GRABER, Circuit Judge:

Defendant Juventino Ibarra Gonzalez appeals from the district court's judgment sentencing him to a term of 51 months in prison after he pleaded guilty to having reentered the United States illegally after removal, in violation of 8 U.S.C. § 1326. He argues that the sentencing court erred in two ways when calculating his criminal history score. First, he argues that the court should have treated two prior sentences as a single sentence under U.S.S.G. § 4A1.2(a), rather than as two separate sentences. Second, Defendant asserts that the district court erred by assessing additional points under U.S.S.G. § 4A1.1(d) because there was insufficient proof that he was on parole when he committed the present offense. Neither argument persuades us.[1] Accordingly, we affirm.

A. U.S.S.G. § 4A1.2(a) .

Section 4A1.2(a)(2) of the Sentencing Guidelines provides that prior sentences must be " counted separately unless (A) the sentences resulted from offenses contained in the same charging instrument; or (B) the sentences were imposed on the same day." Here, Defendant's prior sentences facially fail to meet either criterion for the exception to separate counting to apply. He was sentenced for possession for sale of marijuana on May 23, 2008; that crime occurred on February 26, 2008. On June 3, 2008, Defendant was sentenced for a burglary that he committed on March 20, 2006. The two offenses were charged in two separate instruments. Thus, the crimes took place two years apart, the crimes were charged separately, and the two sentences were imposed on different days.

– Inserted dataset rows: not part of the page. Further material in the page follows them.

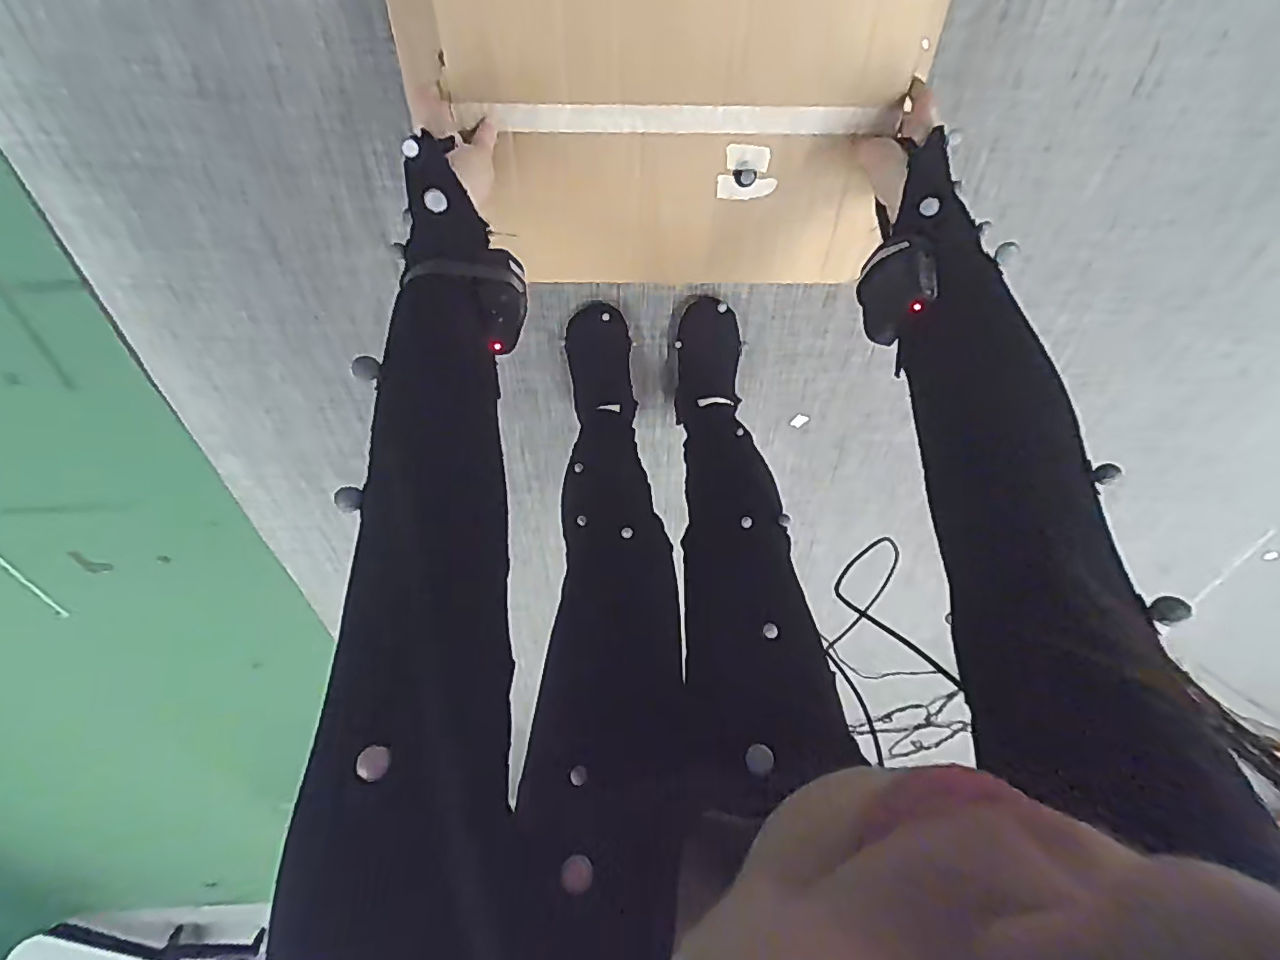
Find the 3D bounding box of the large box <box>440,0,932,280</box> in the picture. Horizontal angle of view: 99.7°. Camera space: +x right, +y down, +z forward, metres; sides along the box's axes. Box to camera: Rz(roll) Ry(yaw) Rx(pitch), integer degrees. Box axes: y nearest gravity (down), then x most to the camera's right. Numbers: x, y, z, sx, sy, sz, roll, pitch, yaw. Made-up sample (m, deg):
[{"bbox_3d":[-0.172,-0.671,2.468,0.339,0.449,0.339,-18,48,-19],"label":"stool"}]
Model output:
[{"bbox_3d":[0.030,-0.436,0.592,0.408,0.320,0.320,-2,135,-3],"label":"large box"}]
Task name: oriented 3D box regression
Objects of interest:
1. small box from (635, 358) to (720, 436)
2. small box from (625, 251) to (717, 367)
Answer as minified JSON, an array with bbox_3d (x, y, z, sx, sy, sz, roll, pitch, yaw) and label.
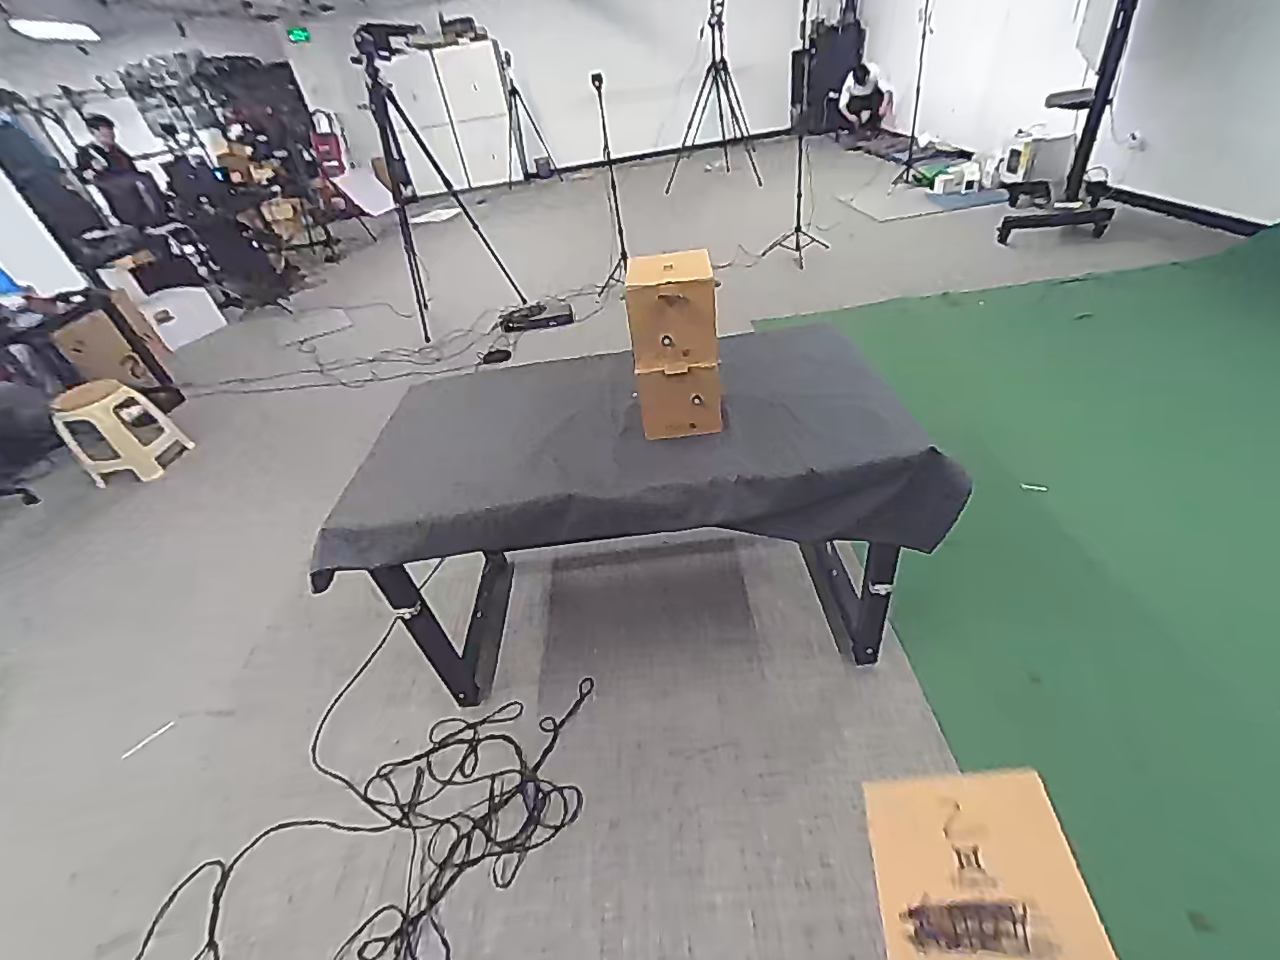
[{"bbox_3d":[0.083,-0.206,1.175,0.168,0.176,0.179,-5,37,5],"label":"small box"},{"bbox_3d":[0.065,-0.343,1.088,0.168,0.176,0.179,-5,39,5],"label":"small box"}]
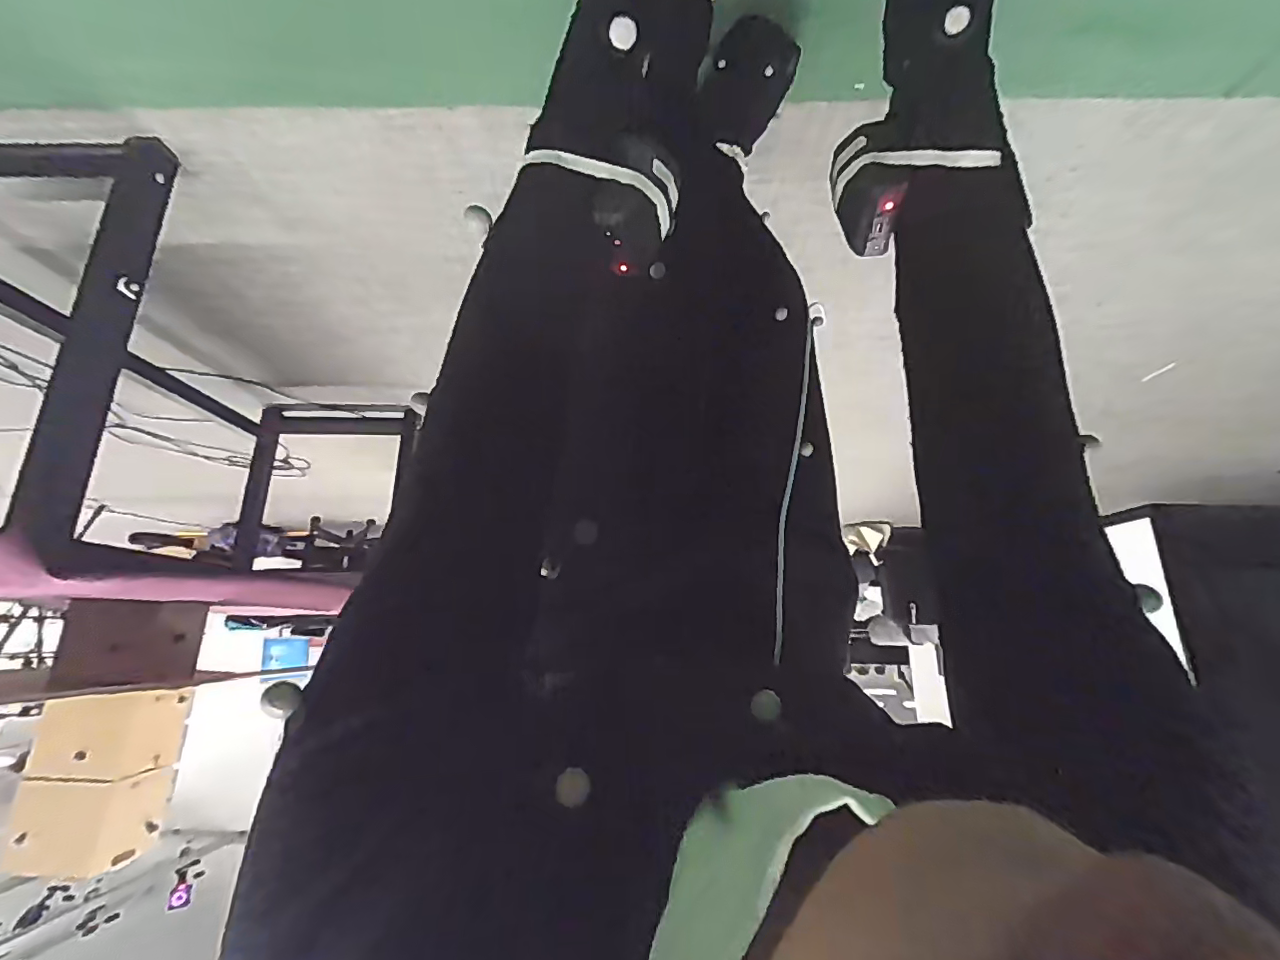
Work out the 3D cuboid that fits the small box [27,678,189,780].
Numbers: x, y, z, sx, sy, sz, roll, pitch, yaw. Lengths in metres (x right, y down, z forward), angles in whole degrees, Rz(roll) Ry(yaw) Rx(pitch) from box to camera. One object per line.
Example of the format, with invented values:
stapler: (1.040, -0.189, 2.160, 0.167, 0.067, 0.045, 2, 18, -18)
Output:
small box: (-1.110, 0.520, 1.149, 0.179, 0.176, 0.168, 4, 164, -1)
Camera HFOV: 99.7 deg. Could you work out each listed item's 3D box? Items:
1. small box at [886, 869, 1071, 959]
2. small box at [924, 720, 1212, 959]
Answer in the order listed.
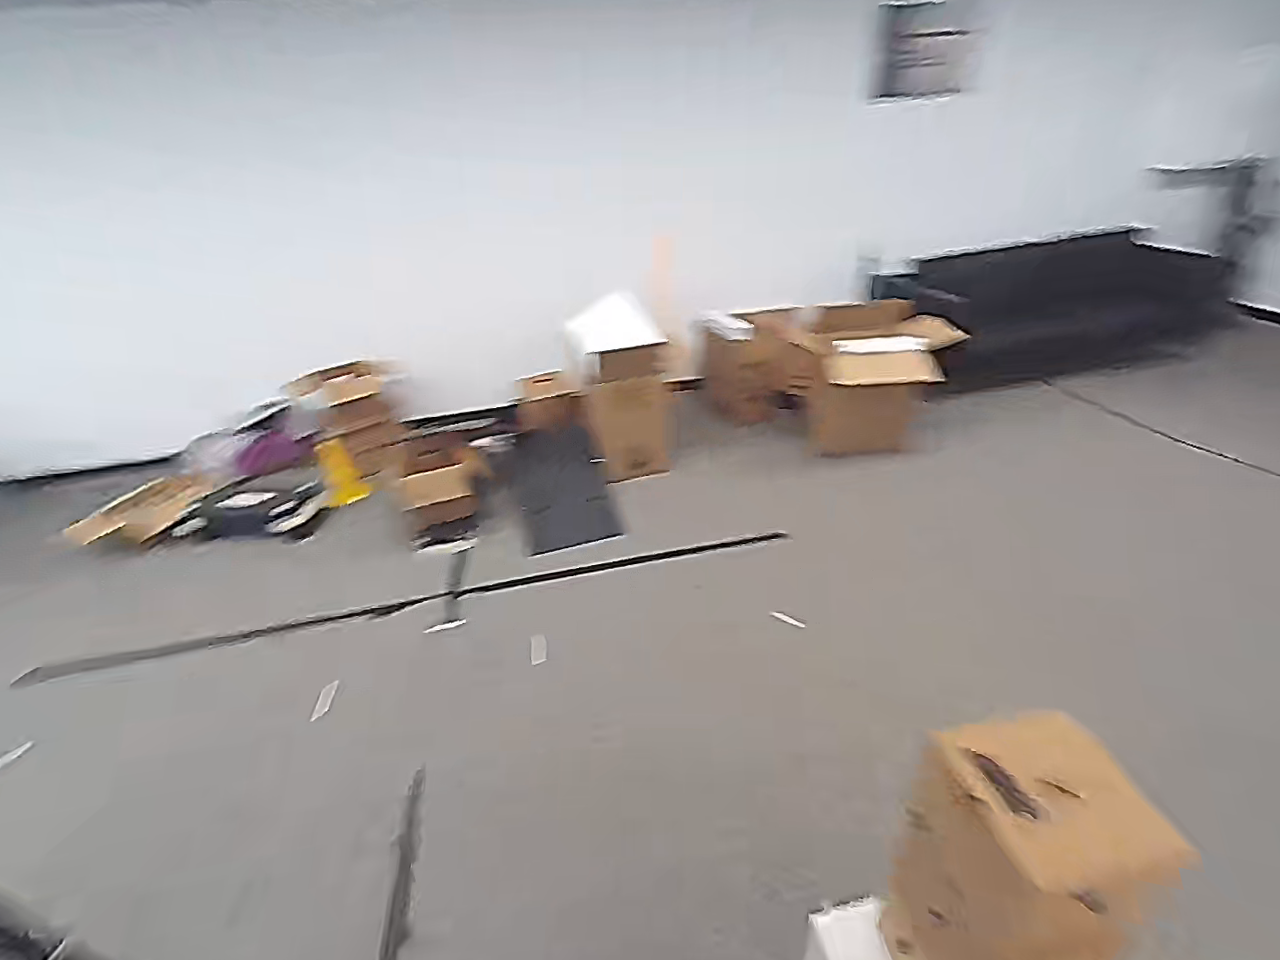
[{"bbox_3d":[0.476,0.685,0.774,0.179,0.176,0.168,-8,33,-7],"label":"small box"},{"bbox_3d":[0.447,0.403,0.606,0.179,0.176,0.168,-6,32,-4],"label":"small box"}]
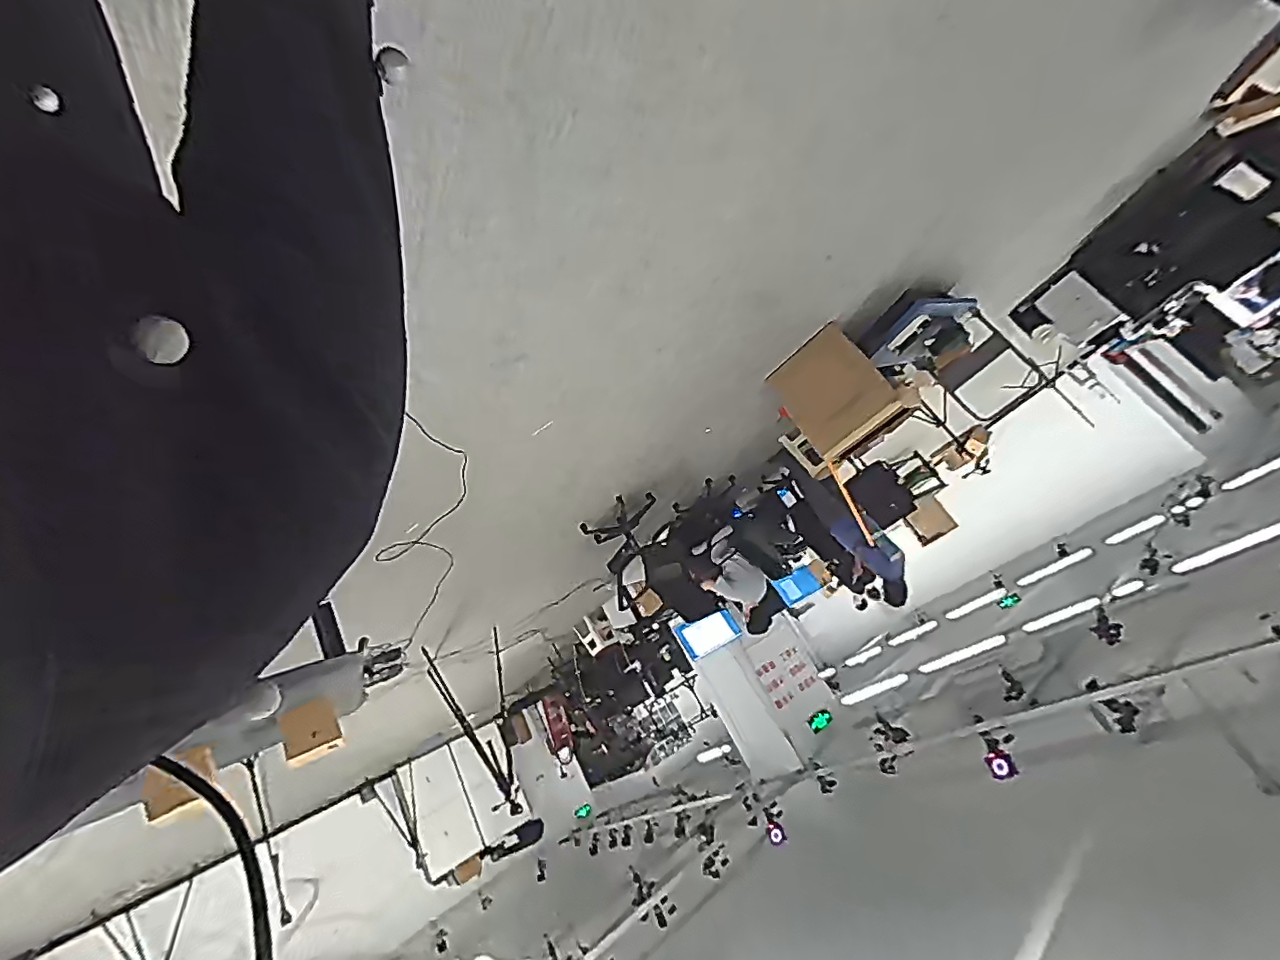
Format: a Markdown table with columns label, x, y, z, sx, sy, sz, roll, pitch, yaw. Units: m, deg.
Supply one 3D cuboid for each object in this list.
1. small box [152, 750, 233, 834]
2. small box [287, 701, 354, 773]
| label | x | y | z | sx | sy | sz | roll | pitch | yaw |
| --- | --- | --- | --- | --- | --- | --- | --- | --- | --- |
| small box | -1.458 | 1.013 | 1.763 | 0.168 | 0.176 | 0.179 | -15 | 153 | -37 |
| small box | -1.171 | 0.938 | 1.985 | 0.179 | 0.176 | 0.168 | -16 | 154 | -32 |

The district court applied the Guideline as written. The court treated the two prior sentences as separate and, accordingly, applied two three-point increases to Defendant's criminal history. See U.S.S.G. § 4A1.1(a) (" Add 3 points for each prior sentence of imprisonment exceeding one year and one month." ).

Defendant argues, though, that the district court should have treated the two prior sentences as one because the two sentencing hearings originally were scheduled for the same day and would have taken place on the same day if not for the fact that the proceedings were set at two different courthouses. He contends that it is arbitrary to give effect to a mere accident of geography; to do so " contravenes the Guidelines' goal of eliminating sentencing disparity based on trivialities such as geography to impose harsher punishment on defendants previously sentenced by courts in large rather than small counties." We disagree.

Section 4A1.2(a) contains a clear, straightforward, easily applied rule for counting prior convictions. We will not read into that section's plain text the equitable exception that Defendant desires.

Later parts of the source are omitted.